If you’re reading this, you’re probably at least vaguely aware of what ChatGPT is. If not, please watch this video before continuing. If you are, you should probably watch it anyway. There’s a lot you may not know, and I’m not planning on writing a 5000-word article here.

Even if there is no further advancement in AI (spoiler: there will be), AI is already changing things. If it were halted here, however, it would be akin to the Internet. It will eliminate some jobs, make some new ones, and modify how many jobs are done, but it would not be an existential risk.

So why assume we’ll make more progress? Specifically, why assume we’ll ever get to AIs that are smarter than human beings? This does not require any particular knowledge of the current state of AI, as a TED talk from six years ago demonstrates.

Harris lays out three assumptions, and that is all it takes for us to end up with superintelligent AI.

  1. Substrate independence.This is the assumption that intelligence does not have to run on the specific biology we happen to have, that there is nothing inherently unique about our human-style brains that cannot be replicated in another medium, such as silicon. While some people continue to shift the goalposts of what counts as “AI” (a common theme in AI skepticism) and say that what GPT-4 has displayed is not “real” intelligence, the assumption of substrate independence is becoming more and more supported as the field advances.
  2. Technological progress will continue.While a rapid rise in AI capability is more worrying than a slow rise, the exact rate is not the determining factor in whether we get there. Barring a catastrophe that sets humanity back so far that we can never recover (large asteroid impact, widespread nuclear war, etc.), any amount of progress at all will get us there eventually.
  3. Humans are not at the theoretical maximum of intelligence.When we think of geniuses, we may think of the large gap between the ordinary person and someone like Albert Einstein or John von Neumann. We may think that’s what it means to be truly intelligent. But why? There is no known physical law that prevents something from being far, far more intelligent still. We could end up creating something that is to von Neumann what von Neumann was to a chicken, rather than to the average person. [The pictures below are from Harris’ video.]

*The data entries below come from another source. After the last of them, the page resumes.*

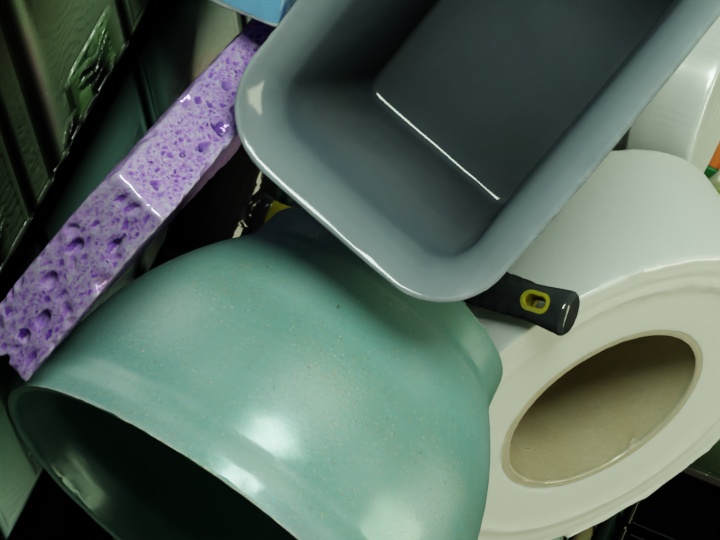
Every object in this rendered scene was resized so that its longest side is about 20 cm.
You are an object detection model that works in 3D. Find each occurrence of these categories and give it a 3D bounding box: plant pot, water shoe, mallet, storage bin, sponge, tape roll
[{"bbox_3d":[-0.025,0.061,1.227,0.134,0.200,0.200,-53,162,-19],"label":"plant pot"},{"bbox_3d":[0.056,-0.142,1.269,0.079,0.071,0.201,-29,142,-75],"label":"water shoe"},{"bbox_3d":[0.000,0.000,1.297,0.066,0.199,0.041,-62,151,-2],"label":"mallet"},{"bbox_3d":[0.055,-0.104,1.164,0.200,0.145,0.134,-51,175,13],"label":"storage bin"},{"bbox_3d":[-0.073,-0.045,1.199,0.112,0.030,0.200,-48,-178,38],"label":"sponge"},{"bbox_3d":[0.094,0.040,1.371,0.202,0.071,0.203,-23,146,-16],"label":"tape roll"}]

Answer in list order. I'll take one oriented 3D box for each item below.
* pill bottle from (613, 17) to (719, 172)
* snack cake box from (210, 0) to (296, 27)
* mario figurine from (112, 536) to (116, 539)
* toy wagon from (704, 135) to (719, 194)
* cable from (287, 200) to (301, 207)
[{"bbox_3d":[0.078,-0.113,1.413,0.110,0.199,0.110,22,90,-77],"label":"pill bottle"},{"bbox_3d":[-0.014,-0.187,1.219,0.200,0.067,0.115,-44,154,-61],"label":"snack cake box"},{"bbox_3d":[-0.042,0.102,1.458,0.106,0.123,0.200,-57,155,11],"label":"mario figurine"},{"bbox_3d":[0.184,-0.079,1.491,0.155,0.039,0.201,139,-31,-62],"label":"toy wagon"},{"bbox_3d":[0.040,0.016,1.402,0.163,0.051,0.200,-48,135,4],"label":"cable"}]
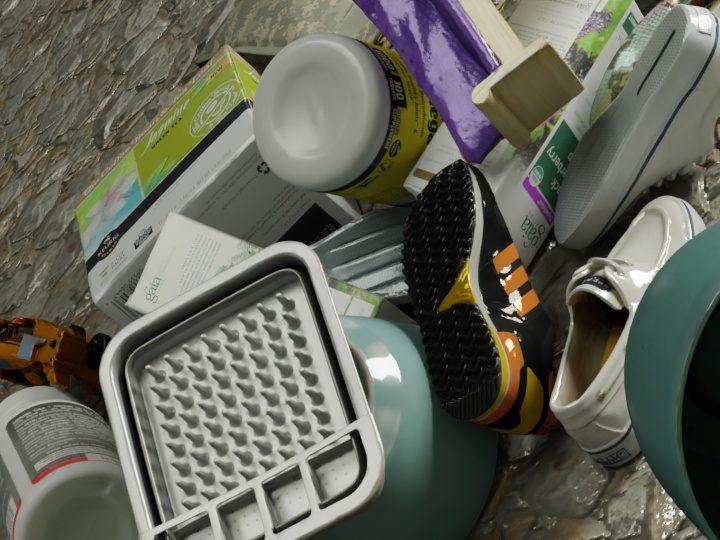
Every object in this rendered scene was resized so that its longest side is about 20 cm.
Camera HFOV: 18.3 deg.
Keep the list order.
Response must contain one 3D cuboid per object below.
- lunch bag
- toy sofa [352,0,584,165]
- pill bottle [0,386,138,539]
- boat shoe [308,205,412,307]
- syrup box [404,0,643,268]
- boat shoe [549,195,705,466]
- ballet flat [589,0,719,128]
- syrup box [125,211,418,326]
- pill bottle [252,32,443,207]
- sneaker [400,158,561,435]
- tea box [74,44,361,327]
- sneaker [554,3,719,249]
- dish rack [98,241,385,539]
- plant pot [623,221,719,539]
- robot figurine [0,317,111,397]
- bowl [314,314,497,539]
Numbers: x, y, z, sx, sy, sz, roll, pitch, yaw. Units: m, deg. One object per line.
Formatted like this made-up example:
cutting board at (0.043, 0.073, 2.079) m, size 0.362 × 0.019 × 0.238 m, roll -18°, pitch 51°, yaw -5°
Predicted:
lunch bag at (-0.030, -0.224, 1.979) m, size 0.165 × 0.117 × 0.200 m, roll -57°, pitch 23°, yaw -17°
toy sofa at (0.057, -0.176, 1.534) m, size 0.097 × 0.083 × 0.201 m, roll -36°, pitch 61°, yaw 7°
pill bottle at (-0.239, 0.172, 1.793) m, size 0.114 × 0.114 × 0.200 m, roll -49°, pitch 26°, yaw 1°
boat shoe at (0.000, 0.000, 1.692) m, size 0.198 × 0.067 × 0.074 m, roll -12°, pitch 76°, yaw 19°
syrup box at (0.124, -0.110, 1.596) m, size 0.081 × 0.079 × 0.201 m, roll 20°, pitch 71°, yaw 39°
boat shoe at (0.164, 0.023, 1.411) m, size 0.071 × 0.070 × 0.201 m, roll -17°, pitch 41°, yaw 47°
ballet flat at (0.235, -0.162, 1.552) m, size 0.200 × 0.069 × 0.071 m, roll -52°, pitch 31°, yaw -12°
syrup box at (-0.064, 0.034, 1.625) m, size 0.199 × 0.081 × 0.079 m, roll 21°, pitch 82°, yaw 29°
pill bottle at (0.018, -0.106, 1.651) m, size 0.112 × 0.199 × 0.114 m, roll -3°, pitch 85°, yaw 32°
sneaker at (0.086, 0.023, 1.476) m, size 0.070 × 0.090 × 0.201 m, roll -35°, pitch 46°, yaw 32°
tea box at (-0.122, -0.047, 1.874) m, size 0.200 × 0.133 × 0.197 m, roll -45°, pitch 26°, yaw 11°
sneaker at (0.200, -0.085, 1.505) m, size 0.201 × 0.070 × 0.073 m, roll -57°, pitch 23°, yaw 36°
dish rack at (-0.070, 0.097, 1.403) m, size 0.171 × 0.044 × 0.201 m, roll -29°, pitch 57°, yaw 14°
plant pot at (0.227, 0.056, 1.150) m, size 0.201 × 0.200 × 0.161 m, roll -51°, pitch 15°, yaw -2°
robot figurine at (-0.273, 0.076, 1.954) m, size 0.199 × 0.144 × 0.059 m, roll 2°, pitch 75°, yaw 54°
bowl at (-0.020, 0.110, 1.461) m, size 0.199 × 0.105 × 0.203 m, roll -12°, pitch 63°, yaw 23°
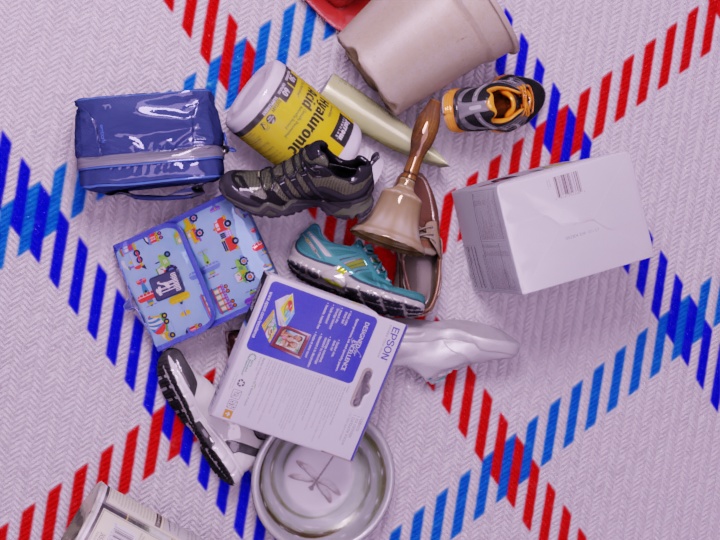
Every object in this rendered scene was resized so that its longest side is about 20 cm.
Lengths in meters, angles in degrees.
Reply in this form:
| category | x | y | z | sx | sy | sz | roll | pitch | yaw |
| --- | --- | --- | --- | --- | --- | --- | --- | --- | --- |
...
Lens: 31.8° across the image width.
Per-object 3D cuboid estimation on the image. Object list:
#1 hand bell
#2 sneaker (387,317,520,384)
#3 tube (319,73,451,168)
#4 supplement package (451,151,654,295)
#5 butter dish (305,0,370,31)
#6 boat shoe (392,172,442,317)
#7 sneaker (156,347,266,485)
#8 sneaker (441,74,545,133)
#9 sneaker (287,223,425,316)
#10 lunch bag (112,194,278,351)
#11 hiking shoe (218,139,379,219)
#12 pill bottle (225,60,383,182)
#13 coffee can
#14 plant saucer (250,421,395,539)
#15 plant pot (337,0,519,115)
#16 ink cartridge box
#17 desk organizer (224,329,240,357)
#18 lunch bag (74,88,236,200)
| category | x | y | z | sx | sy | sz | roll | pitch | yaw |
| --- | --- | --- | --- | --- | --- | --- | --- | --- | --- |
| hand bell | 0.065 | -0.129 | 1.649 | 0.104 | 0.104 | 0.201 | 20 | 84 | -13 |
| sneaker | 0.119 | 0.117 | 1.740 | 0.198 | 0.075 | 0.089 | 5 | 103 | -7 |
| tube | 0.033 | -0.192 | 1.705 | 0.199 | 0.052 | 0.058 | 31 | 40 | -9 |
| supplement package | 0.251 | -0.063 | 1.691 | 0.190 | 0.200 | 0.148 | -15 | 94 | -13 |
| butter dish | -0.015 | -0.451 | 1.646 | 0.199 | 0.148 | 0.200 | 44 | 82 | -10 |
| boat shoe | 0.082 | -0.036 | 1.717 | 0.075 | 0.072 | 0.202 | -6 | 93 | -13 |
| sneaker | -0.197 | 0.182 | 1.668 | 0.080 | 0.074 | 0.201 | -36 | 104 | -25 |
| sneaker | 0.197 | -0.224 | 1.707 | 0.199 | 0.077 | 0.079 | -21 | 102 | -45 |
| sneaker | 0.000 | 0.000 | 1.679 | 0.199 | 0.078 | 0.080 | 26 | 74 | 10 |
| lunch bag | -0.218 | 0.003 | 1.649 | 0.199 | 0.094 | 0.151 | -25 | 92 | -1 |
| hiking shoe | -0.077 | -0.123 | 1.579 | 0.198 | 0.076 | 0.101 | 1 | 127 | -12 |
| pill bottle | -0.069 | -0.173 | 1.654 | 0.200 | 0.111 | 0.112 | 37 | 83 | -21 |
| coffee can | -0.280 | 0.380 | 1.606 | 0.199 | 0.146 | 0.147 | 32 | 84 | -11 |
| plant saucer | -0.054 | 0.279 | 1.702 | 0.199 | 0.050 | 0.202 | -1 | 94 | -17 |
| plant pot | 0.077 | -0.312 | 1.661 | 0.183 | 0.200 | 0.201 | -38 | 99 | 1 |
| ink cartridge box | -0.067 | 0.124 | 1.619 | 0.199 | 0.047 | 0.199 | 21 | 96 | -21 |
| desk organizer | -0.074 | 0.106 | 1.682 | 0.199 | 0.077 | 0.072 | -7 | 93 | -13 |
| lunch bag | -0.257 | -0.154 | 1.595 | 0.198 | 0.136 | 0.133 | -4 | 94 | -1 |
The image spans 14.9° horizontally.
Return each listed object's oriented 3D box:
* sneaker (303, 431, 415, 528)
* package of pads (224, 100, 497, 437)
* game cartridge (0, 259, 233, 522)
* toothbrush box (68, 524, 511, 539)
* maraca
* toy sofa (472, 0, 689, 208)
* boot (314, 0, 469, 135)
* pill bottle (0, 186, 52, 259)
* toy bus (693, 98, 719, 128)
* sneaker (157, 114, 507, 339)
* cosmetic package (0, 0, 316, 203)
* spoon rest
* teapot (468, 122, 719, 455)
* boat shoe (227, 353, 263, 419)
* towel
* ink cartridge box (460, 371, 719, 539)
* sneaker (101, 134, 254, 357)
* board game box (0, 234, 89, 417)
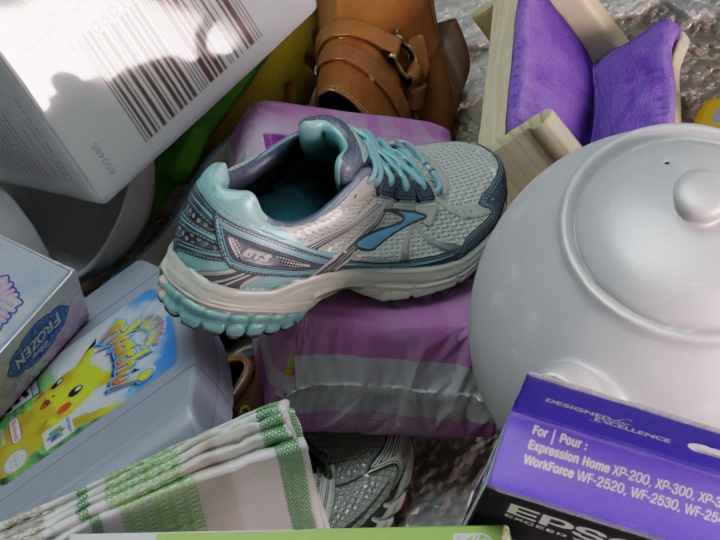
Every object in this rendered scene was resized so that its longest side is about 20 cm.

“Well that’s fine! We just have to make sure it wants the same things we want.” I’ve heard many variations of this, and it is what is known as the alignment problem. The main problem is that there are far more ways to get it wrong than to get it right. It’s not enough to think of all the ways a smart human could go wrong and patch them.

Even if the AI in question is not superintelligent, it’s still different. We cannot simply assume that it will have what we refer to as “common sense”. If you tell a sufficiently powerful AI to make you as much money as possible (something that has already been done with GPT-4), you cannot assume it will implicitly add “without massively disrupting the national economy”. We know that’s what we mean. Any sensible person wouldknow that’s what we mean. But you can’t guarantee an AI will know it.

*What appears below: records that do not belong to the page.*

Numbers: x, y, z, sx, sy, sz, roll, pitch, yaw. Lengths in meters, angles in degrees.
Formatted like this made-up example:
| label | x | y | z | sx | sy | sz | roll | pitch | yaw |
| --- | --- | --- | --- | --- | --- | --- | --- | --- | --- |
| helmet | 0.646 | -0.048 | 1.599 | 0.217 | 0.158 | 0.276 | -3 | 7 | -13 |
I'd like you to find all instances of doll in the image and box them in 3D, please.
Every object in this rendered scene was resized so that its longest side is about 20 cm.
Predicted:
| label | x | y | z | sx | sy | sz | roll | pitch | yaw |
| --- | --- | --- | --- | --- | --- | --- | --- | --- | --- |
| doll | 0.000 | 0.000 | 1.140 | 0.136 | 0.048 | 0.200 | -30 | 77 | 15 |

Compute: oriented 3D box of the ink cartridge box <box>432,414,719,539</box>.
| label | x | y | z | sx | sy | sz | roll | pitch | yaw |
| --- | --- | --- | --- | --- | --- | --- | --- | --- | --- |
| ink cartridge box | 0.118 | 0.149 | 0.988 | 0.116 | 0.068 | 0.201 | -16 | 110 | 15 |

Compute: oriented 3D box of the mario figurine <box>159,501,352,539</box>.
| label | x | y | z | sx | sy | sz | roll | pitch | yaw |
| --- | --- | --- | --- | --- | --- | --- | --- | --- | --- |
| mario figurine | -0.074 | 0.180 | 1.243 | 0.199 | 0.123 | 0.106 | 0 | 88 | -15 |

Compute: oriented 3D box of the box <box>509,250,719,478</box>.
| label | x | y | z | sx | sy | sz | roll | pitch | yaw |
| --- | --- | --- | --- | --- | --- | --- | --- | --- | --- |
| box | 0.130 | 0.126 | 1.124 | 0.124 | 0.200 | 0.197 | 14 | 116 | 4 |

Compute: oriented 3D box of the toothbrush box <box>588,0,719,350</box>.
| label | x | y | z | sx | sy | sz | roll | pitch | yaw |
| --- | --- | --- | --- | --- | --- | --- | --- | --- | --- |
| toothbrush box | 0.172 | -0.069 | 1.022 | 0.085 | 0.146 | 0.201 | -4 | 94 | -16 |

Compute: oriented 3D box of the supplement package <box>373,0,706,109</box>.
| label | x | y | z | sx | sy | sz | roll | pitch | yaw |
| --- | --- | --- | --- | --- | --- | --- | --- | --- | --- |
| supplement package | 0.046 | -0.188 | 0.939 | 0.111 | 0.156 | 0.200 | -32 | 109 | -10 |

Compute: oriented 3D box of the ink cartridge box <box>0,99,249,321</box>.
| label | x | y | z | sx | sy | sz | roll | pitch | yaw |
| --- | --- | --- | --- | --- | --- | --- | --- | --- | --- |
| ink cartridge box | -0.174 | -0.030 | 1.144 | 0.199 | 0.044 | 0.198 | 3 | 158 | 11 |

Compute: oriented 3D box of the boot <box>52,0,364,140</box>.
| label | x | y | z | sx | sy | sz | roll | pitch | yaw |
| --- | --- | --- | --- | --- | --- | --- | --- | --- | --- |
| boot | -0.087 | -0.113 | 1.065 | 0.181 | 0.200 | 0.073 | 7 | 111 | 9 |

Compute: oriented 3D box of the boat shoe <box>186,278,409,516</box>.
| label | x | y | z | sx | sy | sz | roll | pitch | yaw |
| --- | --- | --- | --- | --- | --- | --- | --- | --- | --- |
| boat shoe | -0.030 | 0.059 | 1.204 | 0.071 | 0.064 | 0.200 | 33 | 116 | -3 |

If it is superintelligent, we’re opened up to a far broader array of things that can go wrong. For a light-hearted look at some possible outcomes, let’s play Genocide Bingo:

For a more serious and scholarly (as well as much longer) approach, try “We’re All Gonna Die” with Eliezer Yudkowsky.

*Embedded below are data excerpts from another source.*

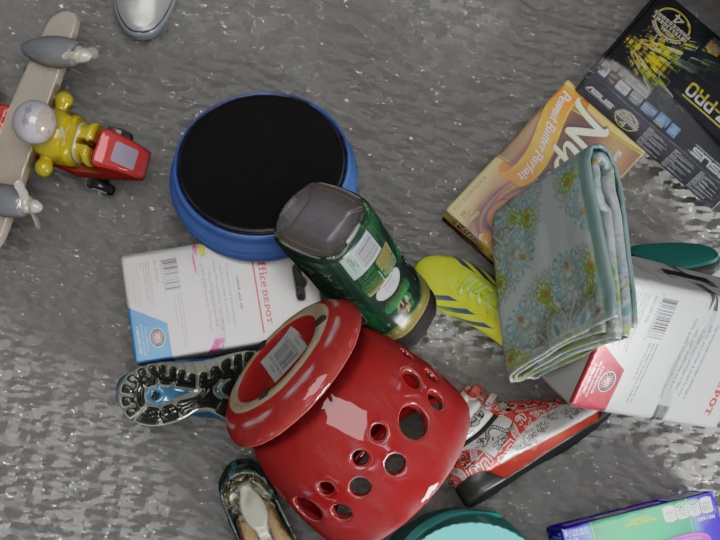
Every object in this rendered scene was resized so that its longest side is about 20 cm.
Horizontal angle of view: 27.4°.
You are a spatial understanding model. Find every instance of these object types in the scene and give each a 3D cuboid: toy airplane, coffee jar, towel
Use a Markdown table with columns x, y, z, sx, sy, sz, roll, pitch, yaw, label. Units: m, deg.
| x | y | z | sx | sy | sz | roll | pitch | yaw | label |
| --- | --- | --- | --- | --- | --- | --- | --- | --- | --- |
| -0.342 | -0.149 | 1.536 | 0.199 | 0.141 | 0.201 | -26 | 84 | -6 | toy airplane |
| 0.000 | 0.000 | 1.501 | 0.104 | 0.200 | 0.085 | 24 | 72 | 37 | coffee jar |
| 0.194 | -0.004 | 1.458 | 0.048 | 0.171 | 0.201 | 12 | 63 | -31 | towel |

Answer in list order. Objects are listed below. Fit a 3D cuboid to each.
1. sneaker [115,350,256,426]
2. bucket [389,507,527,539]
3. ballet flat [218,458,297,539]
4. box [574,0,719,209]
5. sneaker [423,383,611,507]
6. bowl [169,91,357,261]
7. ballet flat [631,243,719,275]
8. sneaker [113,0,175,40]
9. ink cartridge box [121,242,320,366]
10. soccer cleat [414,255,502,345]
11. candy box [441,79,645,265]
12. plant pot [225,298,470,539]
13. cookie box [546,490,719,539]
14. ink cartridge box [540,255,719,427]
| x | y | z | sx | sy | sz | roll | pitch | yaw | label |
| --- | --- | --- | --- | --- | --- | --- | --- | --- | --- |
| -0.161 | 0.117 | 1.540 | 0.199 | 0.090 | 0.079 | 3 | 93 | -24 | sneaker |
| 0.104 | 0.341 | 1.494 | 0.206 | 0.135 | 0.208 | 1 | 81 | -3 | bucket |
| -0.094 | 0.290 | 1.525 | 0.074 | 0.074 | 0.200 | -28 | 85 | -7 | ballet flat |
| 0.354 | -0.188 | 1.604 | 0.200 | 0.049 | 0.161 | 42 | 63 | 3 | box |
| 0.165 | 0.154 | 1.558 | 0.201 | 0.067 | 0.108 | -29 | 71 | -16 | sneaker |
| -0.103 | -0.105 | 1.556 | 0.200 | 0.039 | 0.201 | 0 | 59 | 1 | bowl |
| 0.288 | 0.010 | 1.579 | 0.199 | 0.074 | 0.075 | -2 | 82 | -17 | ballet flat |
| -0.229 | -0.353 | 1.606 | 0.073 | 0.071 | 0.201 | 8 | 81 | -2 | sneaker |
| -0.144 | 0.030 | 1.558 | 0.199 | 0.068 | 0.116 | -9 | 81 | -4 | ink cartridge box |
| 0.146 | 0.043 | 1.564 | 0.200 | 0.084 | 0.065 | 35 | 82 | 2 | soccer cleat |
| 0.198 | -0.093 | 1.601 | 0.115 | 0.055 | 0.200 | 43 | 81 | 3 | candy box |
| -0.023 | 0.146 | 1.460 | 0.182 | 0.200 | 0.201 | 41 | 81 | -18 | plant pot |
| 0.303 | 0.346 | 1.534 | 0.171 | 0.075 | 0.201 | -13 | 84 | -6 | cookie box |
| 0.297 | 0.070 | 1.505 | 0.199 | 0.084 | 0.145 | 12 | 109 | -30 | ink cartridge box |

“Sure,” optimists say, “we could end up with these bad situations, but aren’t they balanced by the good outcomes AI will bring?” To which I reply, sure, if we hit the bullseye. The problem is, we don’t know how many chances we get, and we’re not sure where on the board the bullseye is, anyway. While I personally believe the bullseye at least exists, even that is not guaranteed by any laws of nature known to us.

GPT-4 is almost certainly not powerful enough by itself to cause any truly massive negative consequences. But will we have any indications before we get one that is? If so, will we have enough warning? Even if we do theoretically have enough time, consider the incentives. If a company is making $10 billion annually with the help of AI, are our social systems set up to prevent that company from forging ahead regardless? They’re not going to want to give up the goose that lays the golden eggs just because there’s a possibility that it will explode and take the world with it next year.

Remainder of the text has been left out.